South Asia to cut poverty by two-thirds in a decade
26 Jun '06
5 min read
World Bank (WB) announces that the building on recent strong growth, countries in South Asia can dramatically reduce poverty by embracing policies aimed at increasing investment and productivity, and improving the quality of labor, while addressing pervasive income inequalities and poor service delivery, according to Economic Growth in South Asia, a World Bank report released today.
The report finds that while countries in the region are growing rapidly, evidence shows that expansion, due to its uneven nature, is deepening income inequality and may be hard to sustain in the longer term if the key constraints are not addressed.

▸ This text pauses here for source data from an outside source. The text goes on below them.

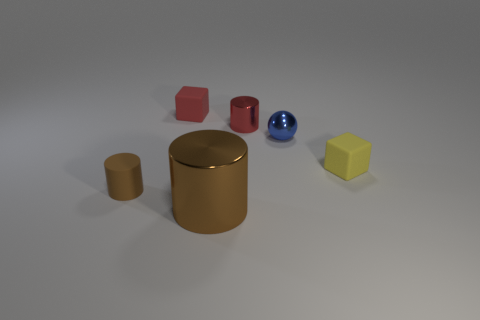Are there any other things that have the same size as the brown shiny object?
Your answer should be very brief. No. There is a red thing on the right side of the big brown shiny thing; what shape is it?
Provide a succinct answer. Cylinder. Are there any objects that are to the left of the tiny block that is right of the block to the left of the red metal cylinder?
Keep it short and to the point. Yes. Is there any other thing that is the same shape as the large metal object?
Offer a terse response. Yes. Are any tiny brown rubber things visible?
Your answer should be compact. Yes. Is the material of the tiny red thing that is to the left of the small red shiny thing the same as the cylinder left of the big brown metallic thing?
Give a very brief answer. Yes. What size is the rubber object to the right of the rubber block behind the tiny blue shiny sphere that is to the right of the large object?
Your response must be concise. Small. How many tiny yellow things are the same material as the tiny blue ball?
Give a very brief answer. 0. Is the number of red blocks less than the number of large gray rubber spheres?
Your answer should be very brief. No. There is a red object that is the same shape as the brown rubber thing; what size is it?
Your response must be concise. Small. 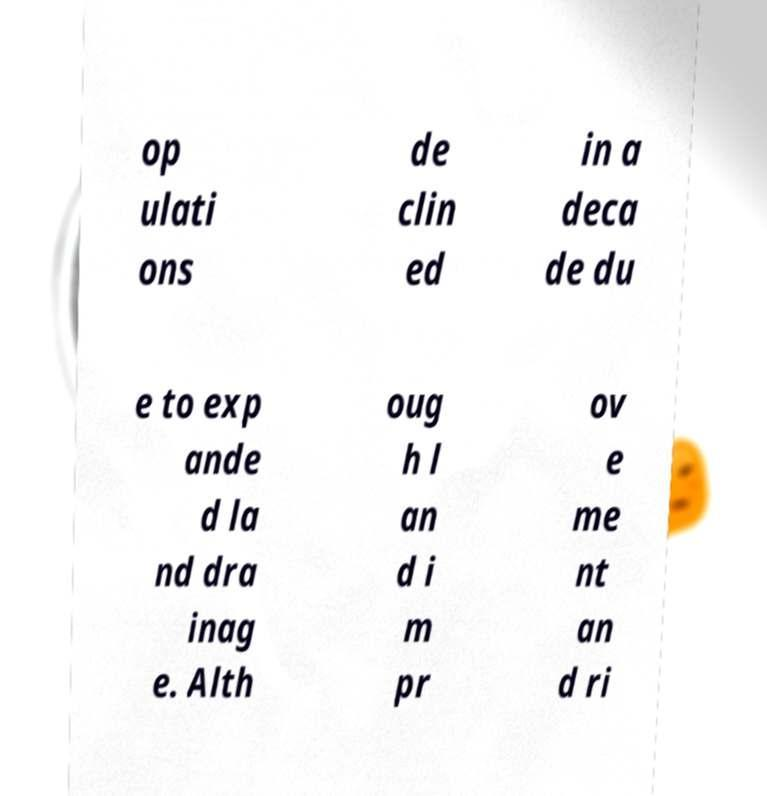Please identify and transcribe the text found in this image. op ulati ons de clin ed in a deca de du e to exp ande d la nd dra inag e. Alth oug h l an d i m pr ov e me nt an d ri

“South Asia's decade-long economic expansion has raised the possibility that the sub-continent could eliminate poverty in our lifetime,” says Shantayanan Devarajan, co-author of the report and World Bank Chief Economist for the South Asia region. “But to realize this dream, South Asians must create the conditions and incentives necessary to sustain and accelerate growth that benefits all. The economic well-being of several hundred millions of people depends on it.”
A striking feature of the report is analysis showing that South Asian countries could see single-digit poverty rates in a decade if economic growth accelerates to 10 percent a year until 2015. This means the number of people living in poverty could go down by two-thirds in less than ten years.
Looking back at the remarkable economic performance of the past decade, the report suggests South Asian countries should aspire to this goal and emulate the East Asian growth rates of 7 to 10 percent that lifted millions of people out of poverty in relatively few years.